### WHAT THE EXERCISE ASKS
Below are records to repeat exactly. Omit the pictures from the copy.

### EXTRACTED MATERIAL
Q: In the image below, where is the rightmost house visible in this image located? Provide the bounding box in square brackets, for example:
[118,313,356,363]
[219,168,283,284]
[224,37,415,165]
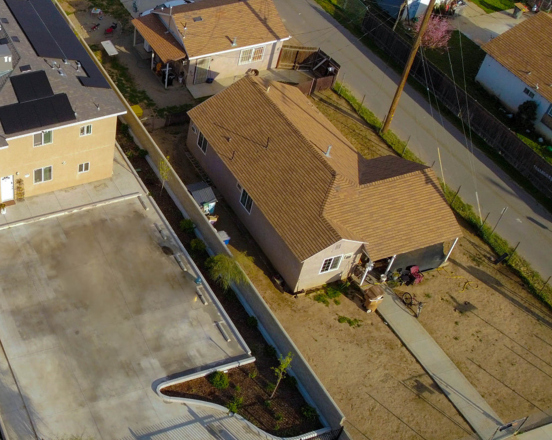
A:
[472,11,552,142]
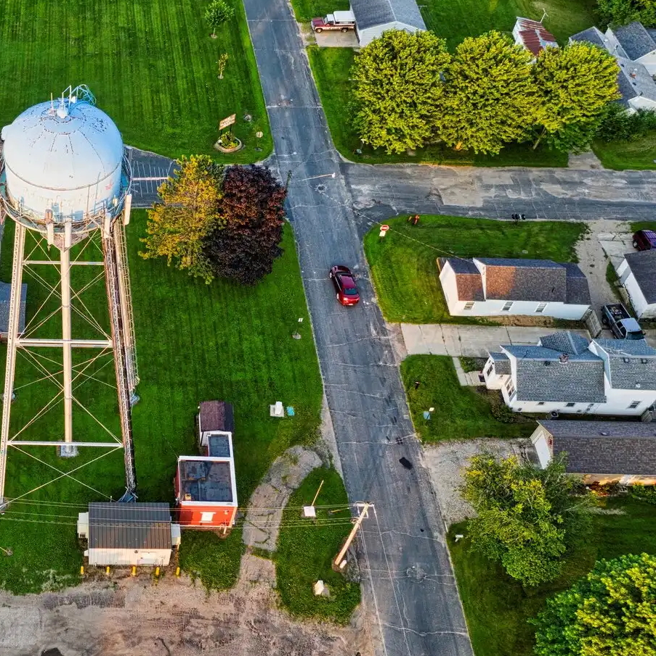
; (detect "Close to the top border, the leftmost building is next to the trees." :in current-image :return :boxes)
[347,0,427,47]
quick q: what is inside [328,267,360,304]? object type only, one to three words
car
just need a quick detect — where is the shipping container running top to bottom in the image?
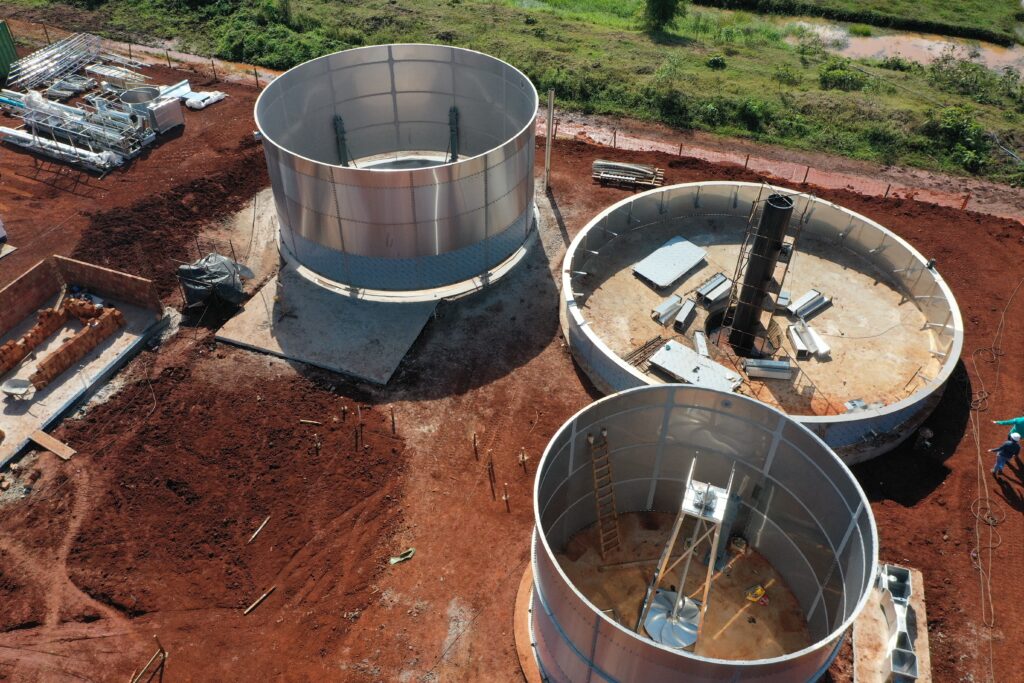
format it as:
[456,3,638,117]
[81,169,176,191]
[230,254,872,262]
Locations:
[0,19,25,77]
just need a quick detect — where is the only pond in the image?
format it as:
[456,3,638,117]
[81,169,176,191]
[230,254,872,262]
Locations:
[755,18,1024,81]
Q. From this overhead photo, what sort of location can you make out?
industrial area
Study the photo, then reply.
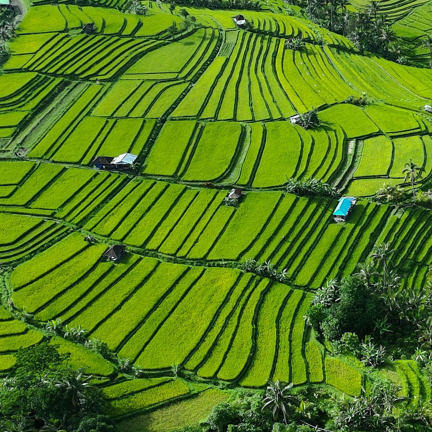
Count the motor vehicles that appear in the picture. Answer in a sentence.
The photo contains no motor vehicles.
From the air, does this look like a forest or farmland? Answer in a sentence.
The picture captures farmland.
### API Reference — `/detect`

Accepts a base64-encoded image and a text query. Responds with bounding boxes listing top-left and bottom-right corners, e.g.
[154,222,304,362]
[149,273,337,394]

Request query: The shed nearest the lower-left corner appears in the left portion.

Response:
[101,245,130,263]
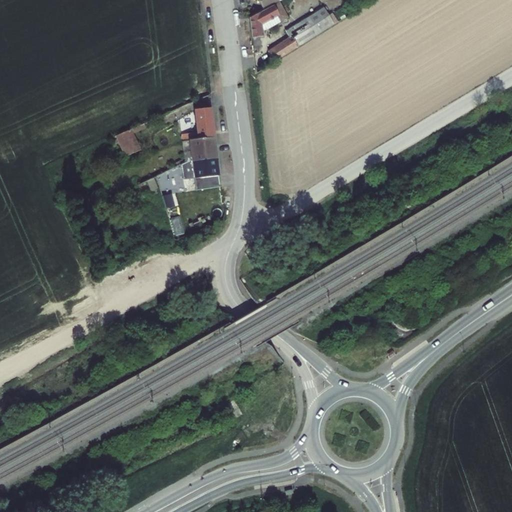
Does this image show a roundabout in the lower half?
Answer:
Yes
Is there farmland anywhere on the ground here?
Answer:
Yes
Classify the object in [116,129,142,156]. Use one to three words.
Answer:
barn
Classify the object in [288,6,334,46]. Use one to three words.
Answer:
building
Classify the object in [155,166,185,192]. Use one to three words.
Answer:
house
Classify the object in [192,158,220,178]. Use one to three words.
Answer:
house
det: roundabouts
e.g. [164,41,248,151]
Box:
[306,384,404,481]
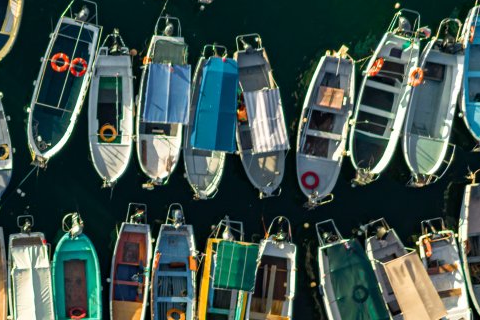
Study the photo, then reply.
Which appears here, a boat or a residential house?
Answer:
boat
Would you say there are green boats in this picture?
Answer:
Yes
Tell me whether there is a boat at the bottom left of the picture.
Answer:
Yes
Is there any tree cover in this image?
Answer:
No
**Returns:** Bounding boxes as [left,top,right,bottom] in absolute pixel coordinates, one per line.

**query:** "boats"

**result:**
[351,8,421,182]
[296,55,355,205]
[184,35,239,204]
[0,227,8,320]
[400,18,465,189]
[316,219,391,320]
[251,215,301,320]
[150,202,198,320]
[87,28,135,188]
[234,30,291,199]
[9,211,54,320]
[0,98,14,199]
[364,215,451,320]
[461,166,480,315]
[201,217,262,320]
[418,214,477,320]
[28,0,102,166]
[49,213,102,320]
[109,202,153,320]
[140,16,191,188]
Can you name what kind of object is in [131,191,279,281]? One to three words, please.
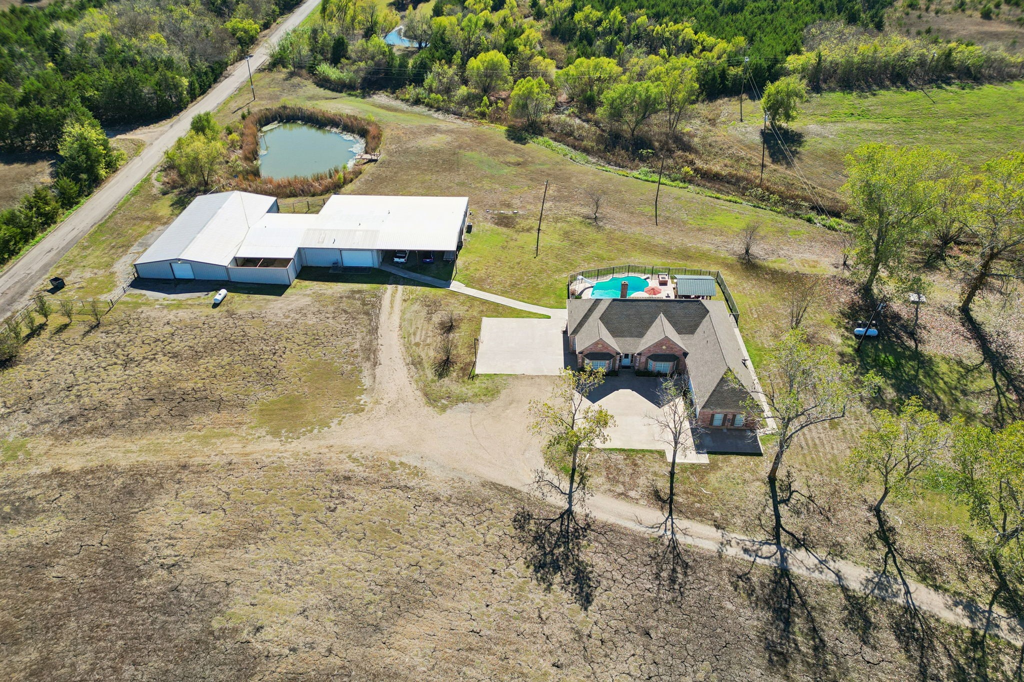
barn
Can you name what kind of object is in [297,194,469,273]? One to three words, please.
building
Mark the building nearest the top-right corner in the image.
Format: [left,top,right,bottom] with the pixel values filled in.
[673,276,717,301]
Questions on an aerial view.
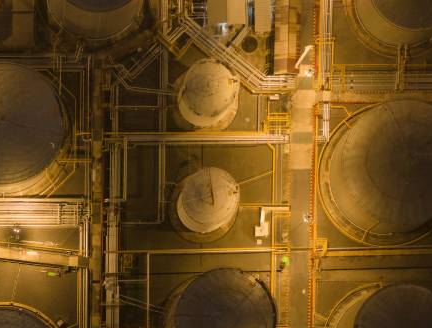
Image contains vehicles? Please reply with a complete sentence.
No, there's no vehicle here.
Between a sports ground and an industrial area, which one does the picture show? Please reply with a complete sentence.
This image shows an industrial area.
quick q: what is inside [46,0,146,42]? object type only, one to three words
storage tank
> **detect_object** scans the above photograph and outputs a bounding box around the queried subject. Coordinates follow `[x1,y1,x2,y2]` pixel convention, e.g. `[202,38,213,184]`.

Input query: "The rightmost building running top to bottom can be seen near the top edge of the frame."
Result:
[271,0,300,79]
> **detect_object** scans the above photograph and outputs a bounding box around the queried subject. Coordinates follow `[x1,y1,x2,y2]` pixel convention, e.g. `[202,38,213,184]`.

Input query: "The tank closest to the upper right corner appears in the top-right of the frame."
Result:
[345,0,432,59]
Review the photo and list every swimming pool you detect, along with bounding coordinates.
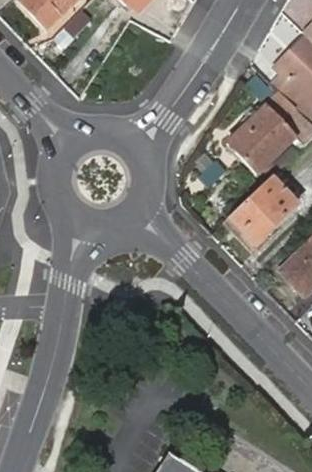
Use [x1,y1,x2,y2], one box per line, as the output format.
[200,159,226,187]
[244,74,275,103]
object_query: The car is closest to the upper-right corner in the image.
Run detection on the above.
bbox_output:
[192,83,210,104]
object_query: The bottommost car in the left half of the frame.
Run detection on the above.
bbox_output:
[88,242,106,261]
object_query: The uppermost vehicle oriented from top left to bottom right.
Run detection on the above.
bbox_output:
[5,45,25,66]
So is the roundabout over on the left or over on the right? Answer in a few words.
left
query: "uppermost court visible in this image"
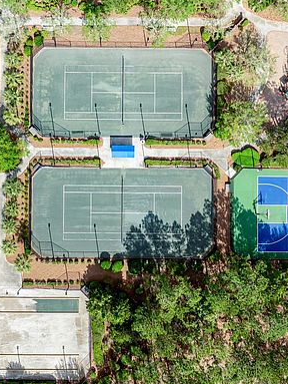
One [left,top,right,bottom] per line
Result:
[31,47,214,136]
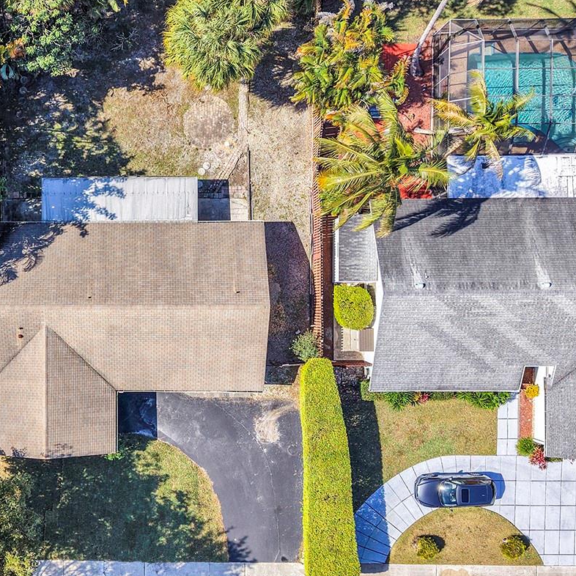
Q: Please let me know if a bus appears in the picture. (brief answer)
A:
No
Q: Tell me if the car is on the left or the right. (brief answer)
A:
right
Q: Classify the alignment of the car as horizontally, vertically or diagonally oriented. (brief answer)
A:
horizontally
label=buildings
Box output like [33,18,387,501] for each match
[369,155,576,462]
[0,221,269,458]
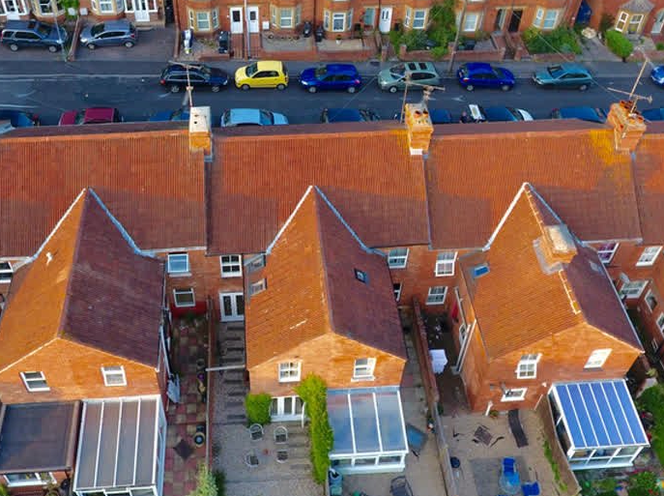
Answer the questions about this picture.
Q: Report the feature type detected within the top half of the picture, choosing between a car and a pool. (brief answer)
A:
car
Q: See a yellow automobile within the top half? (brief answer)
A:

### TASK RESULT
Q: In the image below, where is the rightmost house visible in this image located? Provide the bounding box in square brackets, for example:
[118,313,356,363]
[219,168,283,284]
[224,37,415,165]
A:
[472,11,552,142]
; (detect "Close to the top border, the leftmost building is next to the trees." :in current-image :return :boxes)
[347,0,427,47]
quick q: what is inside [328,267,360,304]? object type only, one to three words
car
just need a quick detect — where is the shipping container running top to bottom in the image?
format it as:
[456,3,638,117]
[81,169,176,191]
[230,254,872,262]
Locations:
[0,19,25,77]
just need a quick detect — where is the only pond in the image?
format it as:
[456,3,638,117]
[81,169,176,191]
[230,254,872,262]
Locations:
[755,18,1024,81]
Q. From this overhead photo, what sort of location can you make out?
industrial area
Study the photo, then reply.
Count the motor vehicles that appear in the picture. Answer in a sentence.
The photo contains no motor vehicles.
From the air, does this look like a forest or farmland? Answer in a sentence.
The picture captures farmland.
### API Reference — `/detect`

Accepts a base64-encoded image and a text query. Responds with bounding boxes listing top-left and bottom-right corners, e.g.
[154,222,304,362]
[149,273,337,394]

Request query: The shed nearest the lower-left corner appears in the left portion.

Response:
[101,245,130,263]
Does this image show a roundabout in the lower half?
Answer:
Yes
Is there farmland anywhere on the ground here?
Answer:
Yes
Classify the object in [116,129,142,156]. Use one to three words.
Answer:
barn
Classify the object in [288,6,334,46]. Use one to three words.
Answer:
building
Classify the object in [155,166,185,192]. Use one to three words.
Answer:
house
Classify the object in [192,158,220,178]. Use one to three words.
Answer:
house
det: roundabouts
e.g. [164,41,248,151]
Box:
[306,384,404,481]
Study the photo, then reply.
Which appears here, a boat or a residential house?
Answer:
boat
Would you say there are green boats in this picture?
Answer:
Yes
Tell me whether there is a boat at the bottom left of the picture.
Answer:
Yes
Is there any tree cover in this image?
Answer:
No
**Returns:** Bounding boxes as [left,top,right,bottom] in absolute pixel coordinates, one per line.

**query:** "boats"

**result:**
[351,8,421,182]
[296,55,355,205]
[184,35,239,204]
[0,227,8,320]
[400,18,465,189]
[316,219,391,320]
[251,215,301,320]
[150,202,198,320]
[87,28,135,188]
[234,30,291,199]
[9,211,54,320]
[0,98,14,199]
[364,215,451,320]
[461,166,480,315]
[201,217,262,320]
[418,214,477,320]
[28,0,102,166]
[49,213,102,320]
[109,202,153,320]
[140,16,191,188]
Can you name what kind of object is in [131,191,279,281]? One to three words, please.
barn
Can you name what kind of object is in [297,194,469,273]? One to three words, please.
building
Mark the building nearest the top-right corner in the image.
Format: [left,top,right,bottom] with the pixel values filled in.
[673,276,717,301]
Questions on an aerial view.
Image contains vehicles? Please reply with a complete sentence.
No, there's no vehicle here.
Between a sports ground and an industrial area, which one does the picture show? Please reply with a complete sentence.
This image shows an industrial area.
quick q: what is inside [46,0,146,42]? object type only, one to three words
storage tank
> **detect_object** scans the above photograph and outputs a bounding box around the queried subject. Coordinates follow `[x1,y1,x2,y2]` pixel convention, e.g. `[202,38,213,184]`.

Input query: "The rightmost building running top to bottom can be seen near the top edge of the frame."
Result:
[271,0,300,79]
> **detect_object** scans the above photograph and outputs a bounding box around the queried subject. Coordinates follow `[x1,y1,x2,y2]` pixel convention, e.g. `[202,38,213,184]`.

Input query: "The tank closest to the upper right corner appears in the top-right of the frame."
Result:
[345,0,432,59]
Review the photo and list every swimming pool you detect, along with bounding coordinates.
Use [x1,y1,x2,y2], one box per line, as the output format.
[200,159,226,187]
[244,74,275,103]
object_query: The car is closest to the upper-right corner in the image.
Run detection on the above.
bbox_output:
[192,83,210,104]
object_query: The bottommost car in the left half of the frame.
Run detection on the above.
bbox_output:
[88,242,106,261]
object_query: The uppermost vehicle oriented from top left to bottom right.
Run detection on the above.
bbox_output:
[5,45,25,66]
So is the roundabout over on the left or over on the right? Answer in a few words.
left
query: "uppermost court visible in this image"
One [left,top,right,bottom] per line
Result:
[31,47,214,136]
Q: Please let me know if a bus appears in the picture. (brief answer)
A:
No
Q: Tell me if the car is on the left or the right. (brief answer)
A:
right
Q: Classify the alignment of the car as horizontally, vertically or diagonally oriented. (brief answer)
A:
horizontally
label=buildings
Box output like [33,18,387,501] for each match
[369,155,576,462]
[0,221,269,458]
Answer the questions about this picture.
Q: Report the feature type detected within the top half of the picture, choosing between a car and a pool. (brief answer)
A:
car
Q: See a yellow automobile within the top half? (brief answer)
A:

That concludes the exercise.